TASK DETAILS
Lines with "left": please show every one of them from the listing below.
*** Opening of STUDY MATERIAL ***
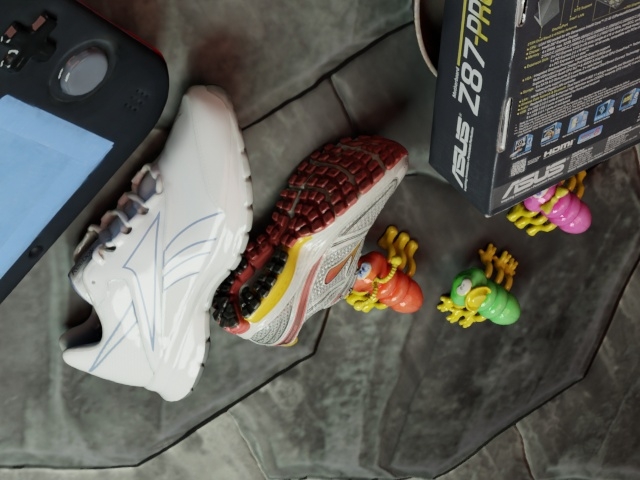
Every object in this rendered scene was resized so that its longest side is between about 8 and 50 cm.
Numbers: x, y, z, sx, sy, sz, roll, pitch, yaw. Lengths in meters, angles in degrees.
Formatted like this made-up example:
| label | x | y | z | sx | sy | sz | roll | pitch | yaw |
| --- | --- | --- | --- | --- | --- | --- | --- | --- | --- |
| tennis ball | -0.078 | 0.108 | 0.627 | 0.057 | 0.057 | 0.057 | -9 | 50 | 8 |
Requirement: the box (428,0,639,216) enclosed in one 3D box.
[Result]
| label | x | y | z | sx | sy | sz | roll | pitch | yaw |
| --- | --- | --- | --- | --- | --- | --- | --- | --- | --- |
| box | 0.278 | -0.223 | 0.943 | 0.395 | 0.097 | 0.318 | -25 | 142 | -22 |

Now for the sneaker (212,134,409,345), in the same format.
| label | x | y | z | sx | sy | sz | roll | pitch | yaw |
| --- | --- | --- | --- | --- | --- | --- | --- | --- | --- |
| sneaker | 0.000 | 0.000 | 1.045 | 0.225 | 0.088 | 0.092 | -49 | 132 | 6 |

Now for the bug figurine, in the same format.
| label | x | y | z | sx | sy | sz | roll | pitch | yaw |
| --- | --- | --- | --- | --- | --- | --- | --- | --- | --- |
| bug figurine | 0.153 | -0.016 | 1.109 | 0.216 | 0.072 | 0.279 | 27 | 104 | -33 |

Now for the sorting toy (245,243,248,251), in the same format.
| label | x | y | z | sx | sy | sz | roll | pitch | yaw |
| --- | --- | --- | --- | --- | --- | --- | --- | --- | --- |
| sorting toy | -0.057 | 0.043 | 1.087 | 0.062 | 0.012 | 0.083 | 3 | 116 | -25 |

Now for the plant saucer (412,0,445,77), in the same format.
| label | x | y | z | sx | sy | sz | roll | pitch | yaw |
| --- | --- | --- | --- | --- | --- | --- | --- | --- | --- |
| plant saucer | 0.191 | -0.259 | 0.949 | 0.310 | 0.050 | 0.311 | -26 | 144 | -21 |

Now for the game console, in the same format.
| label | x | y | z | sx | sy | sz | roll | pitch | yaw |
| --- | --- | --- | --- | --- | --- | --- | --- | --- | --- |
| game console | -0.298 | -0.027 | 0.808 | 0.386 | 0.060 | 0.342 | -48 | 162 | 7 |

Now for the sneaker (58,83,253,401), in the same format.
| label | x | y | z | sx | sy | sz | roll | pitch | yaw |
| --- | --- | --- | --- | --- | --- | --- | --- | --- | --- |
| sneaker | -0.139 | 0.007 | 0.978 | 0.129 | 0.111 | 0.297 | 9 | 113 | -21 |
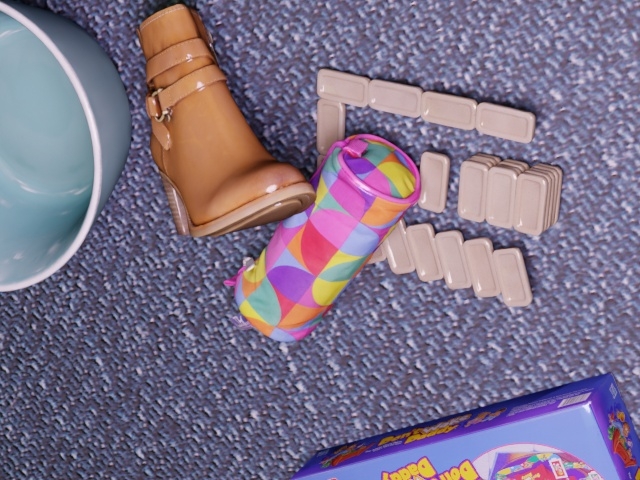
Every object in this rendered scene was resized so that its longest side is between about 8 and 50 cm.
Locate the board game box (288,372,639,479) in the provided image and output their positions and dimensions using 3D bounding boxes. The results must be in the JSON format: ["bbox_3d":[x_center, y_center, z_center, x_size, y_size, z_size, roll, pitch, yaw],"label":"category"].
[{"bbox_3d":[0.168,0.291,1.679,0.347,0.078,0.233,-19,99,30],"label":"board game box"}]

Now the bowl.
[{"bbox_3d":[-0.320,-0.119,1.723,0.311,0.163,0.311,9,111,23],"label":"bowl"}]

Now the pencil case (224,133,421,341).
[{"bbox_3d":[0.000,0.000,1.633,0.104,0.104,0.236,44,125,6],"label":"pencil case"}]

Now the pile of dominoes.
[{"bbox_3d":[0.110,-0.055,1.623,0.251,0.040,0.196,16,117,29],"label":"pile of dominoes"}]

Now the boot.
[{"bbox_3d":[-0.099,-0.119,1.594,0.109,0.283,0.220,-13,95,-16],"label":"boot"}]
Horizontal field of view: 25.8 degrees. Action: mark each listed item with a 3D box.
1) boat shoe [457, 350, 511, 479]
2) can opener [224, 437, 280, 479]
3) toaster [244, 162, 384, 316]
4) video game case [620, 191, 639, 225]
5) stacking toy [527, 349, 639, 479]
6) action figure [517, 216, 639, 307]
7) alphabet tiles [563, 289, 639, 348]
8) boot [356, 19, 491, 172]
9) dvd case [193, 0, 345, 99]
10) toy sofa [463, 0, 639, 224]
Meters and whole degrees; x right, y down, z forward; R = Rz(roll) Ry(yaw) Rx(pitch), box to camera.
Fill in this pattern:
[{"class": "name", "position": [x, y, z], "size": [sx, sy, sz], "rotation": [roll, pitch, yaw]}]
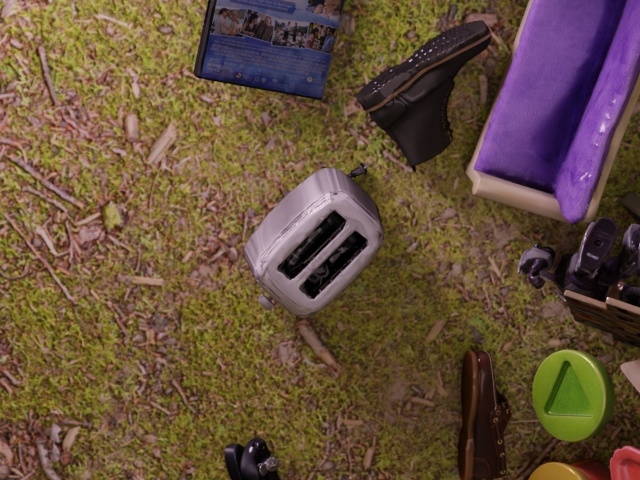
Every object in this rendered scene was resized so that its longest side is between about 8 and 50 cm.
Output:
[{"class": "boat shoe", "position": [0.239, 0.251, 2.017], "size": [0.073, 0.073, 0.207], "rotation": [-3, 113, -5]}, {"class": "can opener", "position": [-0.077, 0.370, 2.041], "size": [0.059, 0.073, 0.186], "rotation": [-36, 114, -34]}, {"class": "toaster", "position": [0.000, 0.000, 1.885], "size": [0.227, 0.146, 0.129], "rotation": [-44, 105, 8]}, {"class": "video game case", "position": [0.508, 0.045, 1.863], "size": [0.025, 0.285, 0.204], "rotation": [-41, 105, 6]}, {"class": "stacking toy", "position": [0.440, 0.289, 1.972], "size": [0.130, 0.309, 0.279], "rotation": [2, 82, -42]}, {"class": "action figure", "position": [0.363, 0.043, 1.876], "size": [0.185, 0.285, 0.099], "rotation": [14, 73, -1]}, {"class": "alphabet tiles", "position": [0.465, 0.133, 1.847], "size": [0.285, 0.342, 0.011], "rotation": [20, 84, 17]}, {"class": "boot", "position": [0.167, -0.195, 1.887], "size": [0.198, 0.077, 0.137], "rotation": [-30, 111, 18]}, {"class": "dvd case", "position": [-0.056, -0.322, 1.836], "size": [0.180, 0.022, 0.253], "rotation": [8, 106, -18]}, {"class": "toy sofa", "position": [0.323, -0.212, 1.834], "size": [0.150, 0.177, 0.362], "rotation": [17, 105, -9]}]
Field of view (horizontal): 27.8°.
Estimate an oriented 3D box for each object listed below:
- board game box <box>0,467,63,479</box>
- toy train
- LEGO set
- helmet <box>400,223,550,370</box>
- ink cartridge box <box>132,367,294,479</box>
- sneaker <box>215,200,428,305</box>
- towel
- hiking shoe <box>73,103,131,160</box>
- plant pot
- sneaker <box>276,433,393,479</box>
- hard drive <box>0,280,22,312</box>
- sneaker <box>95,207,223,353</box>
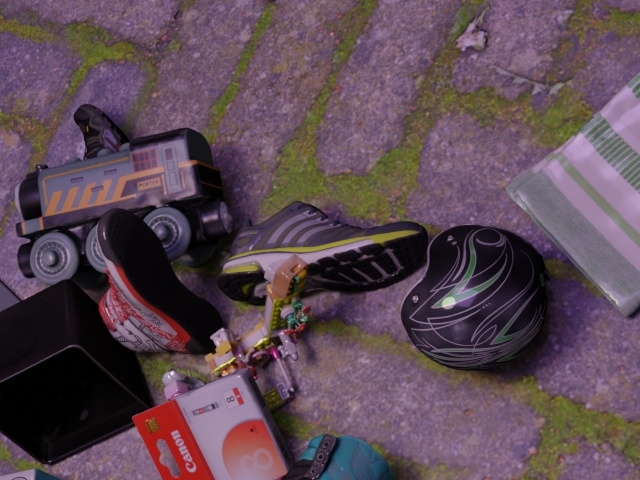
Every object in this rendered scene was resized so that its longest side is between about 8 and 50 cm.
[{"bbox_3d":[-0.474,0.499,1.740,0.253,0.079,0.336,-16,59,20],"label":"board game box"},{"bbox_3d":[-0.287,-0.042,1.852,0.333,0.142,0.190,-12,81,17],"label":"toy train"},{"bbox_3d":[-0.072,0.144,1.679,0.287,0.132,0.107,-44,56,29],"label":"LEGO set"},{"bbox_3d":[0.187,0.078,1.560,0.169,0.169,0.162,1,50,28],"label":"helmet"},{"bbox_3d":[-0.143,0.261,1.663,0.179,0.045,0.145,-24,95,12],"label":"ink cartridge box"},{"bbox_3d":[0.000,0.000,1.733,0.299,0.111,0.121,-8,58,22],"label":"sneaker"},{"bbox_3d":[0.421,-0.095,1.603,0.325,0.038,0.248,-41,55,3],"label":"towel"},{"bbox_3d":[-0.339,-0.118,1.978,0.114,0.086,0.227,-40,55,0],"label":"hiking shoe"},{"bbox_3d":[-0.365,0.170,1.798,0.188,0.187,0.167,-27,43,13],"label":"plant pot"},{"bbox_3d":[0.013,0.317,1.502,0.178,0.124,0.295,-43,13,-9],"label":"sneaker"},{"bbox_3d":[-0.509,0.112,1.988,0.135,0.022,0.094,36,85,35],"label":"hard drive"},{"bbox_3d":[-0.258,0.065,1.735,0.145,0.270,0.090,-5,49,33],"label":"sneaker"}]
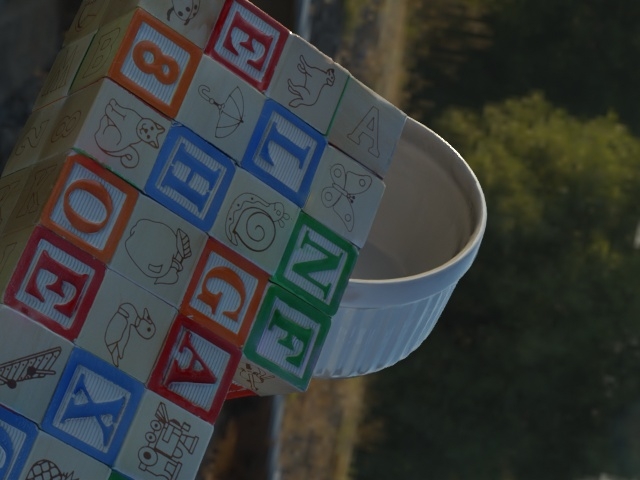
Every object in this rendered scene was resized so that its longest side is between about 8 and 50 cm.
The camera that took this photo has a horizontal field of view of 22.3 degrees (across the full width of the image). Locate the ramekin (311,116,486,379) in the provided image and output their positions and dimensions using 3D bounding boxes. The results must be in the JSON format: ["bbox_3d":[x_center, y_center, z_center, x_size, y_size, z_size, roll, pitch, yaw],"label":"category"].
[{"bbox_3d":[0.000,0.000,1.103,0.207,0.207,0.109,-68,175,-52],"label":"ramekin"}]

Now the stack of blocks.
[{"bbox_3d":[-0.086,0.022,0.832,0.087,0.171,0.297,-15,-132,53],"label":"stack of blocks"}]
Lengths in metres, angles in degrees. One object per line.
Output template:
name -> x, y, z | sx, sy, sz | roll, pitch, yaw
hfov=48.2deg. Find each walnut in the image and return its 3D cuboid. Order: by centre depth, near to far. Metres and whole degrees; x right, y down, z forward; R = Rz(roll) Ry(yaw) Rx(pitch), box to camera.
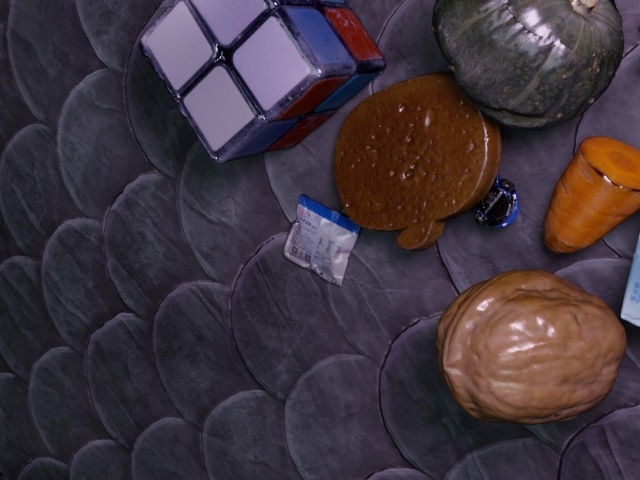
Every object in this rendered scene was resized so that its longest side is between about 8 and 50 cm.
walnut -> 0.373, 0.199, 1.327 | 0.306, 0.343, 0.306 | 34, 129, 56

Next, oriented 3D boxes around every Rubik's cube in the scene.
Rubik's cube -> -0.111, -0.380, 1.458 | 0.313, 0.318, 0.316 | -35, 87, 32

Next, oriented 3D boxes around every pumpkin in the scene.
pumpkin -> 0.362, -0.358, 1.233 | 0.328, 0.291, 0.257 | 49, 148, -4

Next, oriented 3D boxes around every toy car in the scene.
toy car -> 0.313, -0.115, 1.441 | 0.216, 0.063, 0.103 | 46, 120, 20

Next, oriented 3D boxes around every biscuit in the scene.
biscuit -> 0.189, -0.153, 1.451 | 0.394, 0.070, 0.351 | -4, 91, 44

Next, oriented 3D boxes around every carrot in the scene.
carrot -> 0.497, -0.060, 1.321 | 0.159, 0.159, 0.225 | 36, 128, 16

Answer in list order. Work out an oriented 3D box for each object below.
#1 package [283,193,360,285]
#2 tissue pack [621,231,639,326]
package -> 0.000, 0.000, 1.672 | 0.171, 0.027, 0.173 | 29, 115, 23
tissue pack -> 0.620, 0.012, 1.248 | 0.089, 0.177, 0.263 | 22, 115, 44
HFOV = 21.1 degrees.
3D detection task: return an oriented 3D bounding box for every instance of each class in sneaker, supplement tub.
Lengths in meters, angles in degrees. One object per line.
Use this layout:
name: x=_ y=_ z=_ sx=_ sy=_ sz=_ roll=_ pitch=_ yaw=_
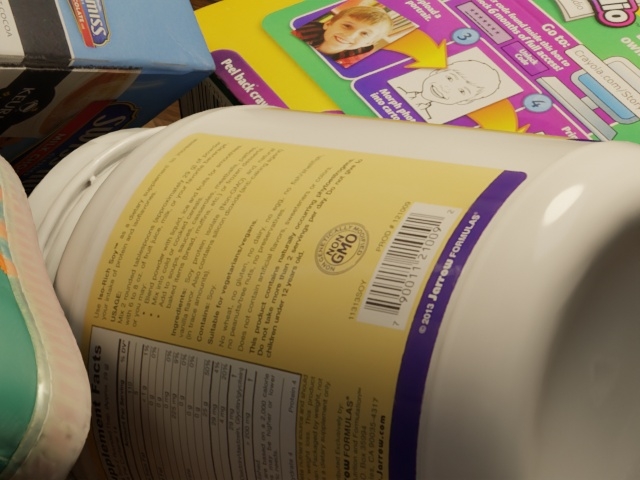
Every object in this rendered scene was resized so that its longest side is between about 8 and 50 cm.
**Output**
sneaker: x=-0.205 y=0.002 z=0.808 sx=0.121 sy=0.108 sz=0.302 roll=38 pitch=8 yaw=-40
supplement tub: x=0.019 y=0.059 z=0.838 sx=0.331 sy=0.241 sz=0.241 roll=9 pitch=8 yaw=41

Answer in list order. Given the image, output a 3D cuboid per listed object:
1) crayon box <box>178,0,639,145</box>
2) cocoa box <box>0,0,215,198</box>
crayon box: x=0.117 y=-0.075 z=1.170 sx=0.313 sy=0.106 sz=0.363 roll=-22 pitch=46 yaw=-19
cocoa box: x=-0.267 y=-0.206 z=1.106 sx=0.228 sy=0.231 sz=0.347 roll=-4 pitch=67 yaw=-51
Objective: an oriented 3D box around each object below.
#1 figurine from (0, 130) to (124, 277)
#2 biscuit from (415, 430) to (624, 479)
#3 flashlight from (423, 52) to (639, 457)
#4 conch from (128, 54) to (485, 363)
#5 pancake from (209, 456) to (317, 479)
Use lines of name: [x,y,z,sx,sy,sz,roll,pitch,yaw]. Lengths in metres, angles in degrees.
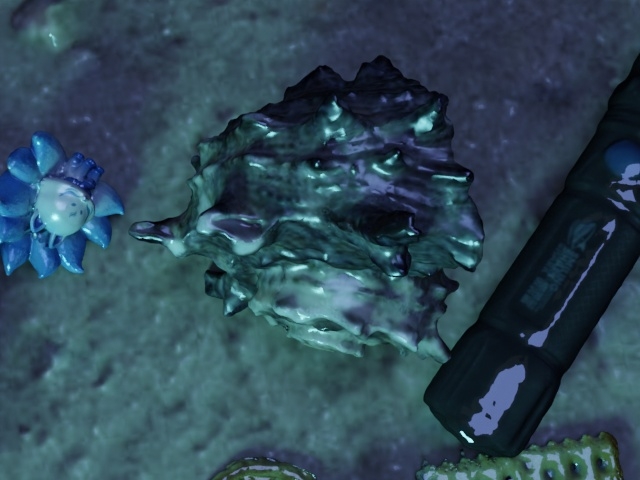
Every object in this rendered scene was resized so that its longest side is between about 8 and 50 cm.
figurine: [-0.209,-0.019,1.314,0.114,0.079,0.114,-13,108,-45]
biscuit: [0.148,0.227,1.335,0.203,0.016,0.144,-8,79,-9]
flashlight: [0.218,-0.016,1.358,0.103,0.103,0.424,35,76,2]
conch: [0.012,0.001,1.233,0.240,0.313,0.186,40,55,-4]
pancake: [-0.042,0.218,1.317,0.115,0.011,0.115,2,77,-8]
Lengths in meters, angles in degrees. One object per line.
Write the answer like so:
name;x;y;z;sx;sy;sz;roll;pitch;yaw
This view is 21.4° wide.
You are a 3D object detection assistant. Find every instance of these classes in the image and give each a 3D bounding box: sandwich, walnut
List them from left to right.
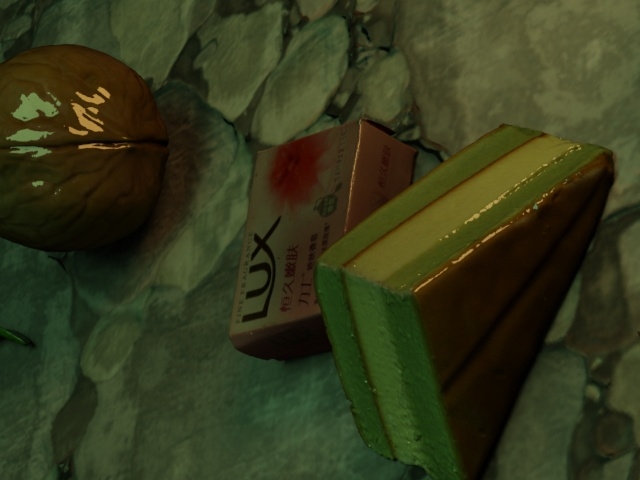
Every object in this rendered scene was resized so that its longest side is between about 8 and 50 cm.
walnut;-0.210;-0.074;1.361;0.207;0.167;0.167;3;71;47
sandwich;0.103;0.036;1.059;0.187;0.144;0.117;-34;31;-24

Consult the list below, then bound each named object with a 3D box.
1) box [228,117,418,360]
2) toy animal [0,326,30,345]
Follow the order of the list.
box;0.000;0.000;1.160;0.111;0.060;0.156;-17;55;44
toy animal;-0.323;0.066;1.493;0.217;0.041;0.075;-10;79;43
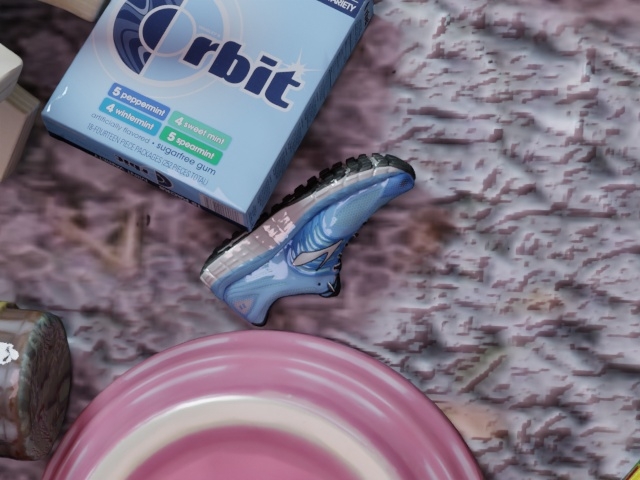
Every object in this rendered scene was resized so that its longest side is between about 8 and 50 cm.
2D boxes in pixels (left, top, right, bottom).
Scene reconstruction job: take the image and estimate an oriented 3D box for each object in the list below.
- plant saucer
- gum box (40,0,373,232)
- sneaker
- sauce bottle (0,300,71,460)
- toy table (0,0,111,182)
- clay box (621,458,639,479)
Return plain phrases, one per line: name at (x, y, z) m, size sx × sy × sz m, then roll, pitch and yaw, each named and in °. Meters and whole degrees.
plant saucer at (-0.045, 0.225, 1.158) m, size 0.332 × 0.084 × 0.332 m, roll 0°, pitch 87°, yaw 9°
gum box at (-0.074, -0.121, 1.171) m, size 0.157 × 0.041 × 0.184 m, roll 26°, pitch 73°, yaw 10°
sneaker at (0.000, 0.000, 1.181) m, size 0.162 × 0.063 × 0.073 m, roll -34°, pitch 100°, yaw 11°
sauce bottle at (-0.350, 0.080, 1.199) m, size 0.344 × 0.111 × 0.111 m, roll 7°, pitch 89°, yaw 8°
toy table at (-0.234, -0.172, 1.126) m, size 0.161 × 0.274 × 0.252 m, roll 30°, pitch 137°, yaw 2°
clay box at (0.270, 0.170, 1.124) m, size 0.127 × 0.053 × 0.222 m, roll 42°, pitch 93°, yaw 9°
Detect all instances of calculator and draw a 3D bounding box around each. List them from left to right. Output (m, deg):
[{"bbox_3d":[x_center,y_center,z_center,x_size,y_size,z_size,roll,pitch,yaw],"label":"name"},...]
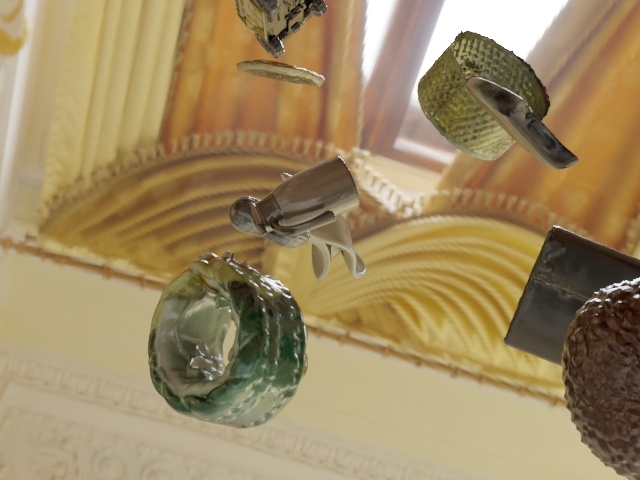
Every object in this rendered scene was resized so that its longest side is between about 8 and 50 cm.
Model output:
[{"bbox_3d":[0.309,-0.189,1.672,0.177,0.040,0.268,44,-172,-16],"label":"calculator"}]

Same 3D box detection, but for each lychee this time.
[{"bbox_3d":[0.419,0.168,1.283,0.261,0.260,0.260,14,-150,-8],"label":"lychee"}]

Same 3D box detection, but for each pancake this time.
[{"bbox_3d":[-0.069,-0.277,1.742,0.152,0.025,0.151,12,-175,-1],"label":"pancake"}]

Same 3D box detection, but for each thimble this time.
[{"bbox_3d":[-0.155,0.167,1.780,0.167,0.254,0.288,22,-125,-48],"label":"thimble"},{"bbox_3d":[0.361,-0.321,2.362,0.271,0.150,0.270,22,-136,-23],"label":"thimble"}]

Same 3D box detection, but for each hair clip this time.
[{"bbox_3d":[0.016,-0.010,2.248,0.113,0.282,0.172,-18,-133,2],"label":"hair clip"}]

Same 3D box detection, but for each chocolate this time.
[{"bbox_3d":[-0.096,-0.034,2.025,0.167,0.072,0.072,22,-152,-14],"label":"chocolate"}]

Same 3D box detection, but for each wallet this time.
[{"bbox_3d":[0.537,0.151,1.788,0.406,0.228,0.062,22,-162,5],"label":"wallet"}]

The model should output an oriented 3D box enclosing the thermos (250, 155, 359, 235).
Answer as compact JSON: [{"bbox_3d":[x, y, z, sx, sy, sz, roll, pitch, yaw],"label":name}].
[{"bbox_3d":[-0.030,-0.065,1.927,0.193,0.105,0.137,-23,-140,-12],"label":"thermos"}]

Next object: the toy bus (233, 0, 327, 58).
*** Close of STUDY MATERIAL ***
OUTPUT OF THE TASK
List them from left to right.
2D boxes in pixels (left, top, right, bottom).
Detect all instances of calculator and draw a 3D bounding box around each. List them from left to right. Output (m, deg):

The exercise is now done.